» STUDY MATERIAL:
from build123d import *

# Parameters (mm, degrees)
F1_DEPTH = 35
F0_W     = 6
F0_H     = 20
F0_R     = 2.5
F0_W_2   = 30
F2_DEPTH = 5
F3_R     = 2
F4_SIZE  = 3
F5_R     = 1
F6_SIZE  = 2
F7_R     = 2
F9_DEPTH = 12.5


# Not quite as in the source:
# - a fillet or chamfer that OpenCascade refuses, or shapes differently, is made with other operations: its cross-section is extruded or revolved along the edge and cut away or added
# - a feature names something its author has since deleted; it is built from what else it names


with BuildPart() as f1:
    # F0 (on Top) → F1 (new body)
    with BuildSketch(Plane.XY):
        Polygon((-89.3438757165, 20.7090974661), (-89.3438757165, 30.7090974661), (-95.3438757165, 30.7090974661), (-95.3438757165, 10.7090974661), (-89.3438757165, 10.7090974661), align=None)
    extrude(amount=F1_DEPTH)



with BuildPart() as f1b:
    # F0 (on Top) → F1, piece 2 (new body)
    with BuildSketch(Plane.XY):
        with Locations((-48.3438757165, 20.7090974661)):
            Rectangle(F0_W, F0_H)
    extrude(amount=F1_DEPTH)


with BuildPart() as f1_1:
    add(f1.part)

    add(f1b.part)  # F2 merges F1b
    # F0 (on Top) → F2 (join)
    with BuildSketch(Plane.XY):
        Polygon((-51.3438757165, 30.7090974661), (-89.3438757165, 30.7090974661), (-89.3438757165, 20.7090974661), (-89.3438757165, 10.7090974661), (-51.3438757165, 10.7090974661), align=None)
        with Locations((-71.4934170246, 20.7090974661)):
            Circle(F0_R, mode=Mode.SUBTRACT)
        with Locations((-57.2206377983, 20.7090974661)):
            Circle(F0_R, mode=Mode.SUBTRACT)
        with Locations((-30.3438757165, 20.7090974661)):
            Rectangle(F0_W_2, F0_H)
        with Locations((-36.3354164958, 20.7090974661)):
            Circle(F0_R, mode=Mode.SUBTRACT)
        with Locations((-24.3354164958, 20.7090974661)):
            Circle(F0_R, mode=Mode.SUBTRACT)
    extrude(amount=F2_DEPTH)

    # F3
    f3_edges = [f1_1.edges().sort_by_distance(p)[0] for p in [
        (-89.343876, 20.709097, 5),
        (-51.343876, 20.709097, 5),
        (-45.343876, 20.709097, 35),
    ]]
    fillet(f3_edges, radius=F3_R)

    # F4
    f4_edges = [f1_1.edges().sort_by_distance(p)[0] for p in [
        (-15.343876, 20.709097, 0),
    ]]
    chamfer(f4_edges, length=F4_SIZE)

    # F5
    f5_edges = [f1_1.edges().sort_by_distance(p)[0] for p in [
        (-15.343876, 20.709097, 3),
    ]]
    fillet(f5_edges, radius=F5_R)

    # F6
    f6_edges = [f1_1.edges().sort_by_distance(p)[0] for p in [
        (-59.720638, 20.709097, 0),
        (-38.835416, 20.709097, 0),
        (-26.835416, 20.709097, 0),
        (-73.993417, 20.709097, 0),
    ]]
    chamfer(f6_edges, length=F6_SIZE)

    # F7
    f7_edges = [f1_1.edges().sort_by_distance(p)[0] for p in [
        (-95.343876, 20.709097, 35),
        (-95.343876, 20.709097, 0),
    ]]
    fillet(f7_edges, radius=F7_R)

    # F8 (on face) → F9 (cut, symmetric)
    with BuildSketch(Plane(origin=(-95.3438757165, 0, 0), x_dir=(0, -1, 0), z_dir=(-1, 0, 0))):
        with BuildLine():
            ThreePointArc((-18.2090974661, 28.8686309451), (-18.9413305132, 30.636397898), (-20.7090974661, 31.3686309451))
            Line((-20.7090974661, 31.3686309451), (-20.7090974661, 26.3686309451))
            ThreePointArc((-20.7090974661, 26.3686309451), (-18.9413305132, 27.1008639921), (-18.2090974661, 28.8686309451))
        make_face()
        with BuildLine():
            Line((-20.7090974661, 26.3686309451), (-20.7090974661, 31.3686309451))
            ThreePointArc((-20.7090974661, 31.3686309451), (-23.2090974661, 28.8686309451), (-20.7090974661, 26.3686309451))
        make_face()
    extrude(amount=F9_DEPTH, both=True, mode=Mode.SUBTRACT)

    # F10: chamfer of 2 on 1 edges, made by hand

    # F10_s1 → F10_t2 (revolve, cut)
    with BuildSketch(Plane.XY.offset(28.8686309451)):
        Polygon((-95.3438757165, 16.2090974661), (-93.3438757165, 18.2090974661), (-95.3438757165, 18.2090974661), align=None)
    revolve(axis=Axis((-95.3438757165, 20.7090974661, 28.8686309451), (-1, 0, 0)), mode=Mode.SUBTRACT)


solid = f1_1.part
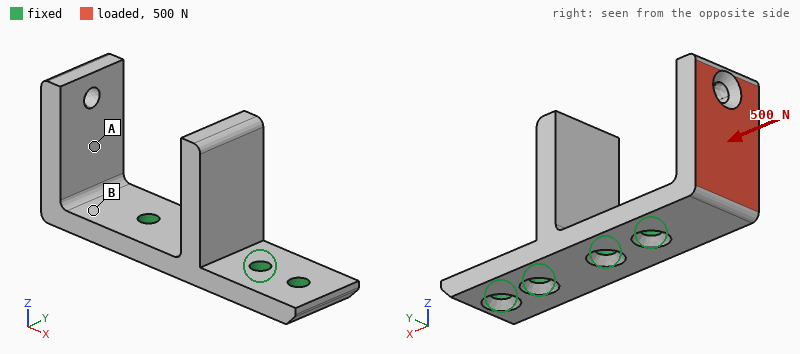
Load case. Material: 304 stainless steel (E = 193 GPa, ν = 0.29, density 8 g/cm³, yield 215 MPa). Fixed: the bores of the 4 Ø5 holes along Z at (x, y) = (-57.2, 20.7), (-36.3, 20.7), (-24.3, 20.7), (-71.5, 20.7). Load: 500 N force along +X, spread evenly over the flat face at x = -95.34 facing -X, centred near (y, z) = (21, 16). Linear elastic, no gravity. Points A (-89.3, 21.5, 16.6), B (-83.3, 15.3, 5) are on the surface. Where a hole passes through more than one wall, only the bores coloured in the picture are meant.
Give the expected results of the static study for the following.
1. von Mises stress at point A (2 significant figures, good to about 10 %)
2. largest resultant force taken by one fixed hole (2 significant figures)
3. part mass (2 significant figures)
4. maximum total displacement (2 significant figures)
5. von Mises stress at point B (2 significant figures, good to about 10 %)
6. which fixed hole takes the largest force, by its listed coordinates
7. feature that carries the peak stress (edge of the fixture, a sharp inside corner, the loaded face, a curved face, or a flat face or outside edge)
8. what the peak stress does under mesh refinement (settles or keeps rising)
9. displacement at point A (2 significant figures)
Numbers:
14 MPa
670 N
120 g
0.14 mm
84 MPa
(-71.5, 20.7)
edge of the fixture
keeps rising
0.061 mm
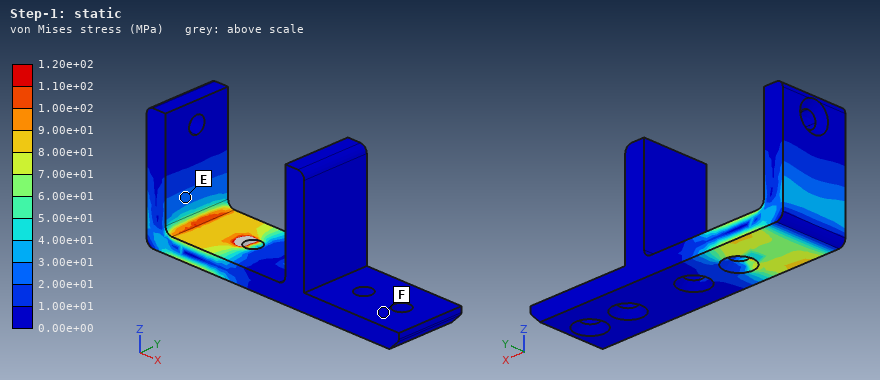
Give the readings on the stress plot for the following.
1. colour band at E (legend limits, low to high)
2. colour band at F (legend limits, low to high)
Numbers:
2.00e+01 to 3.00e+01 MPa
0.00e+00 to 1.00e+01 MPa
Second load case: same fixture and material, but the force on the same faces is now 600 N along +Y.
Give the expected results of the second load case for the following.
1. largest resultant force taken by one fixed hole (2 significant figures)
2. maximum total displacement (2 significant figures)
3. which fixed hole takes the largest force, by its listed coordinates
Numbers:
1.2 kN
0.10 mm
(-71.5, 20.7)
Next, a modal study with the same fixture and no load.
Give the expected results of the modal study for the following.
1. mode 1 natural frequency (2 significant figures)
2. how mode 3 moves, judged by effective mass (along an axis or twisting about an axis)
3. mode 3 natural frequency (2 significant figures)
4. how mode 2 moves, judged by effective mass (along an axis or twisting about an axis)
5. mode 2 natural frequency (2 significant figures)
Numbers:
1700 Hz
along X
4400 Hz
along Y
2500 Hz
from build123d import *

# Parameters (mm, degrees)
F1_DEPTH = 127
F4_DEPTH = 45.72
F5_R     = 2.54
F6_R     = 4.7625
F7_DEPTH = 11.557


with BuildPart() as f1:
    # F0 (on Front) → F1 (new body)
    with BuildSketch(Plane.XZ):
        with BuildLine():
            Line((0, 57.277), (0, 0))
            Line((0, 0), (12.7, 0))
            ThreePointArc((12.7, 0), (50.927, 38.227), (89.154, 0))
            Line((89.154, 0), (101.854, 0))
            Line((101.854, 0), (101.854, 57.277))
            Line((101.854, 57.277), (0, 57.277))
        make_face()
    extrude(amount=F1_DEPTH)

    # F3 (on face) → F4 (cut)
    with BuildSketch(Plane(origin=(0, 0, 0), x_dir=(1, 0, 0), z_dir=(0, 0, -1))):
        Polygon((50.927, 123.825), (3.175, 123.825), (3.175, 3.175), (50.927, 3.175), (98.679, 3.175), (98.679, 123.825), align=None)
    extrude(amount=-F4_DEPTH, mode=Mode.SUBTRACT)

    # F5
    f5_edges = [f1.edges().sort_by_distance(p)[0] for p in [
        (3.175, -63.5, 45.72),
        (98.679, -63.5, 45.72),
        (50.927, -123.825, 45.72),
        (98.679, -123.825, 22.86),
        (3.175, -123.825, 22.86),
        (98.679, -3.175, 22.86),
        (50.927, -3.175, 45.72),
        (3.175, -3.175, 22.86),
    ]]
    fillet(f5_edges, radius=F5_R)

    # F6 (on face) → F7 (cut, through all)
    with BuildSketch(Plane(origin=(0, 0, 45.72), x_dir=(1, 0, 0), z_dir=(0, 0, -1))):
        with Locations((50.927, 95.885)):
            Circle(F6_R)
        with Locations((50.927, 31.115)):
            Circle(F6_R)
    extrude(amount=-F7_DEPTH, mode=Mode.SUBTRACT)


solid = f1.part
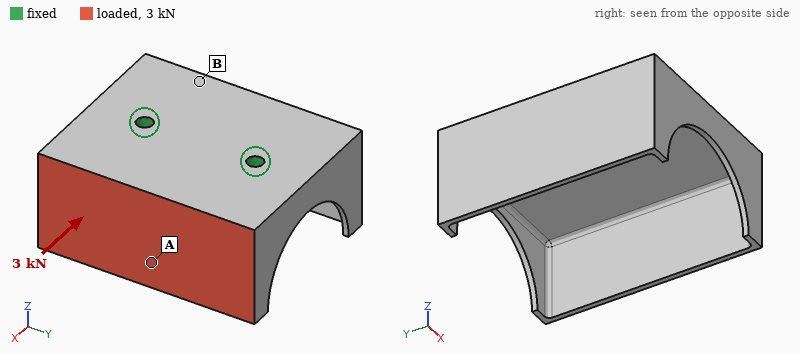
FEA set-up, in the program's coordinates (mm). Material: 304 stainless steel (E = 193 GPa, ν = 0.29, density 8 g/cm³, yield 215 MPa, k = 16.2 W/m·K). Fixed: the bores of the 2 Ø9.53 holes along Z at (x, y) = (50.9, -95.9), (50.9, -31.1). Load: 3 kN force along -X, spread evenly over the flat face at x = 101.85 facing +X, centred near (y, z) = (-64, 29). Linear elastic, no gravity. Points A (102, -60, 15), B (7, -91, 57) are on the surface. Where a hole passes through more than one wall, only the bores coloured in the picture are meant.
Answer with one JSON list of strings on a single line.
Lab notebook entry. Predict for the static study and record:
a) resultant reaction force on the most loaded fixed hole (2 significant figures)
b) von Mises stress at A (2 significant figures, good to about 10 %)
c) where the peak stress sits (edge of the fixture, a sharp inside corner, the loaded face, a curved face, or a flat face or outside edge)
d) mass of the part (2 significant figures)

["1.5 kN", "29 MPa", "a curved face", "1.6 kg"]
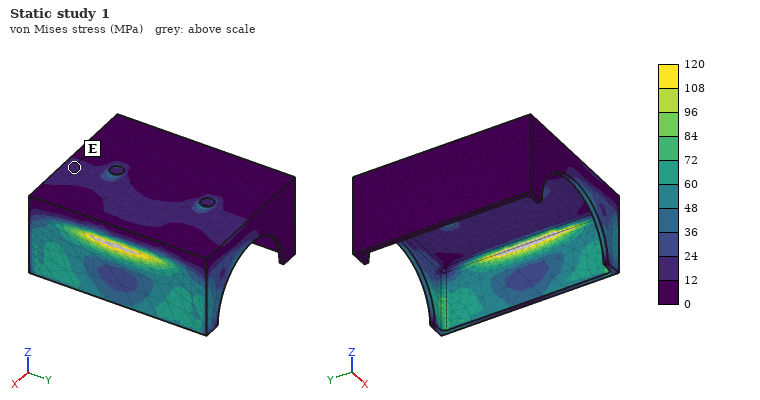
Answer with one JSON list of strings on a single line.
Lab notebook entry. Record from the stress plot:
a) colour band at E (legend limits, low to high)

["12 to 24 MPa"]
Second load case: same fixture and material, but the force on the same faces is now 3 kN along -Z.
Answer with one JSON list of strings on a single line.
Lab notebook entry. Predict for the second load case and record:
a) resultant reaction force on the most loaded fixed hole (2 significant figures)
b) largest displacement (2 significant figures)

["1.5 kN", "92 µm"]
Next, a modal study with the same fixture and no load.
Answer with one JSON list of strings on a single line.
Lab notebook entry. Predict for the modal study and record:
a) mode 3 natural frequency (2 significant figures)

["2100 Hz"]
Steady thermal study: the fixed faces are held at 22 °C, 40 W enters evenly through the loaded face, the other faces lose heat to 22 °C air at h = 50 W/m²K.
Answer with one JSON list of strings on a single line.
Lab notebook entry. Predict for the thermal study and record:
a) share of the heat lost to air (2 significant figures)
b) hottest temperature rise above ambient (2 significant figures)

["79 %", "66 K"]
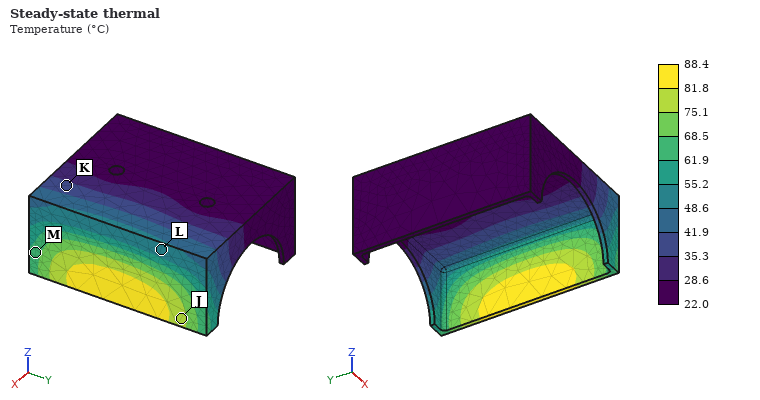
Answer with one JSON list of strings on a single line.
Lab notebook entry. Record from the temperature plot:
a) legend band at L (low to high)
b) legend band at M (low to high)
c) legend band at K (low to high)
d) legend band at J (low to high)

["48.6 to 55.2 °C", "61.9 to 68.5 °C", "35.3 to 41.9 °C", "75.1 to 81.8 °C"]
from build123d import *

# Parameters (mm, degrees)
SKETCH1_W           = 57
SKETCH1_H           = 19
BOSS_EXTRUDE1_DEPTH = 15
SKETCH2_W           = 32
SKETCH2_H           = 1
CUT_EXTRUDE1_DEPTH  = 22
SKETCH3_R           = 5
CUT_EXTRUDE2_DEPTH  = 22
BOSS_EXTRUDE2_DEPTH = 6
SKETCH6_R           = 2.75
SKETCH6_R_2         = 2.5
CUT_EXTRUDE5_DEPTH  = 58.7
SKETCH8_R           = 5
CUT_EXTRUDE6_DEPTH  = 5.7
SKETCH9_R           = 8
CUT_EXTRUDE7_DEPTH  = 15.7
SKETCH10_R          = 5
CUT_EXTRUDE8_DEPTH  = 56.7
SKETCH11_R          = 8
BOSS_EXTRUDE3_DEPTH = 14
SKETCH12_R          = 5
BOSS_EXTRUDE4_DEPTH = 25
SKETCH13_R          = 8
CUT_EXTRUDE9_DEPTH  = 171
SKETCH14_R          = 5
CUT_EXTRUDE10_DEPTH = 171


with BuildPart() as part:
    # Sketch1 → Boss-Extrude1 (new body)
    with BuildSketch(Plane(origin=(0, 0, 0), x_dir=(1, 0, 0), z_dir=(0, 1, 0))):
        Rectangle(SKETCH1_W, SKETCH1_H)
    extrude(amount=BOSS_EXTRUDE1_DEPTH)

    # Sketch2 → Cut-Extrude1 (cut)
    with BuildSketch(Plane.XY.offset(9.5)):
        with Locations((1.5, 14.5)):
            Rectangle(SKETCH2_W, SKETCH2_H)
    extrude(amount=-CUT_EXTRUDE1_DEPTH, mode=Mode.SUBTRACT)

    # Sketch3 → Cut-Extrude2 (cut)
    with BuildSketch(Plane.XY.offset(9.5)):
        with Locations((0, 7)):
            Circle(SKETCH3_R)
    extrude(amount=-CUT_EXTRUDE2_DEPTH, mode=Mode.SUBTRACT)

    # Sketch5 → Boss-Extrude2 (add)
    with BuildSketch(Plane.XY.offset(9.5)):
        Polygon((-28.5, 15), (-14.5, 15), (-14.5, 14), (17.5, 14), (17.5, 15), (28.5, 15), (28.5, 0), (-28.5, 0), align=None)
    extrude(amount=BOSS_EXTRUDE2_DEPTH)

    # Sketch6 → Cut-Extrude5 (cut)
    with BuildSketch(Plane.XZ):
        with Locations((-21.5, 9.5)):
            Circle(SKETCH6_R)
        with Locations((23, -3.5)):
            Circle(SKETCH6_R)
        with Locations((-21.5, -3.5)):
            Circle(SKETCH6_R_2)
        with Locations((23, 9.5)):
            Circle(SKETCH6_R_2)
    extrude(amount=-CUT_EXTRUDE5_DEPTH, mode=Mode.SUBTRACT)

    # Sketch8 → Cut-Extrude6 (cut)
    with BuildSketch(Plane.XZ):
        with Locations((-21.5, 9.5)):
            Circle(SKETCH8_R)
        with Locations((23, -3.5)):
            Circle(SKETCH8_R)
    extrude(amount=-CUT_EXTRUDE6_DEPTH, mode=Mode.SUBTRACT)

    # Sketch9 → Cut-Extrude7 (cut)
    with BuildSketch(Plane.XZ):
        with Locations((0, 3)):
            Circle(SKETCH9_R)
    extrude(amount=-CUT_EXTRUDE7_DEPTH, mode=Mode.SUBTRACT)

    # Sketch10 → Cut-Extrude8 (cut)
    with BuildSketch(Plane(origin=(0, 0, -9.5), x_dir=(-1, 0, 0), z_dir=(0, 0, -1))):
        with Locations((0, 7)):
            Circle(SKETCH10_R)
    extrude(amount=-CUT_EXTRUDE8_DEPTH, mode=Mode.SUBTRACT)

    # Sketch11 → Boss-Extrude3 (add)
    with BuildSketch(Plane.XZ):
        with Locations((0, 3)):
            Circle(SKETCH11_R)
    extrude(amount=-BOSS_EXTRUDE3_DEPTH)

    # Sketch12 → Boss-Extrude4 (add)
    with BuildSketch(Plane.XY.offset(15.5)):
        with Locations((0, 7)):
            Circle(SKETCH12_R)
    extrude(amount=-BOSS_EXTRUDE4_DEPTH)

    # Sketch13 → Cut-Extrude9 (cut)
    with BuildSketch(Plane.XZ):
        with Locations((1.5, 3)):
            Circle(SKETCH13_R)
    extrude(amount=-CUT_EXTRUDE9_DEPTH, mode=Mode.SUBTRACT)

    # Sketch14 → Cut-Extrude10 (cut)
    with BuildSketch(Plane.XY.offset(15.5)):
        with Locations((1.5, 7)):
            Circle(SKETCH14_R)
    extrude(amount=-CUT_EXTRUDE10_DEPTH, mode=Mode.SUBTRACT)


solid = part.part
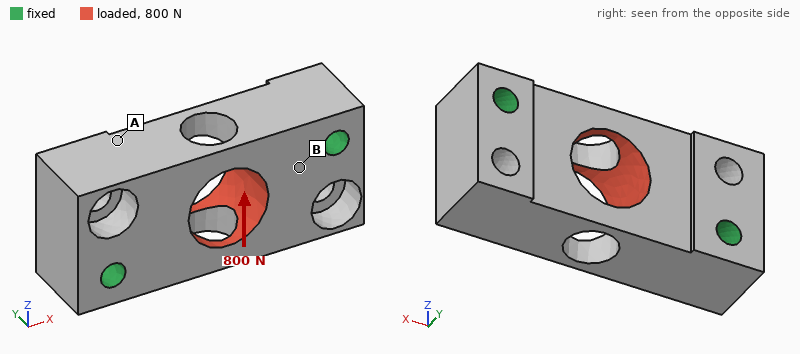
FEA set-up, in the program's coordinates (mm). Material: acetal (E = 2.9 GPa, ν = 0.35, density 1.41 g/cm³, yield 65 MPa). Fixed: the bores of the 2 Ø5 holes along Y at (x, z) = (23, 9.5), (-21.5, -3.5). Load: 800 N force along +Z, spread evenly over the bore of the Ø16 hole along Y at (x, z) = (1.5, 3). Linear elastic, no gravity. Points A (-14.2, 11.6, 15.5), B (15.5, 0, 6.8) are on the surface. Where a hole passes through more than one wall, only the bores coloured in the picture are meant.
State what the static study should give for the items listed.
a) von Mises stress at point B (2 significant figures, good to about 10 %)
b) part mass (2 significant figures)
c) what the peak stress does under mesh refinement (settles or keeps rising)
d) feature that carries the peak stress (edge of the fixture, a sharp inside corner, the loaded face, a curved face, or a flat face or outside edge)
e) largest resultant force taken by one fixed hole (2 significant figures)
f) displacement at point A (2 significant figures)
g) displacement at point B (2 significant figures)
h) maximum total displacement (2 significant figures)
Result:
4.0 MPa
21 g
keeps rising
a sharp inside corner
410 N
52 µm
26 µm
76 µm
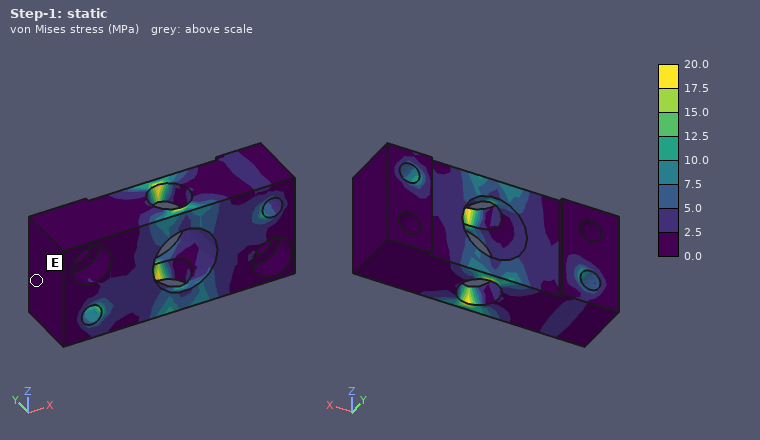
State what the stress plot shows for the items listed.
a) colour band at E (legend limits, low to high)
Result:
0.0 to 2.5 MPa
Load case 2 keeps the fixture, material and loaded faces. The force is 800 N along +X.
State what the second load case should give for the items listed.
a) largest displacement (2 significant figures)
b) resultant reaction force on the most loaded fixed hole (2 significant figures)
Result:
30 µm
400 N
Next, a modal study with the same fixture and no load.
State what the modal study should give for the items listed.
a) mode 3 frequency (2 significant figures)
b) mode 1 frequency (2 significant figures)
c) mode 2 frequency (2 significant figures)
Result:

» EXERCISE DESCRIPTION:
Among the lines of the material above, find those with the word "thermal". Copy each one.

» OUTPUT BELOW:
Steady thermal study: the fixed faces are held at 22 °C, 40 W enters evenly through the loaded face, the other faces lose heat to 22 °C air at h = 50 W/m²K.
Lab notebook entry. Predict for the thermal study and record:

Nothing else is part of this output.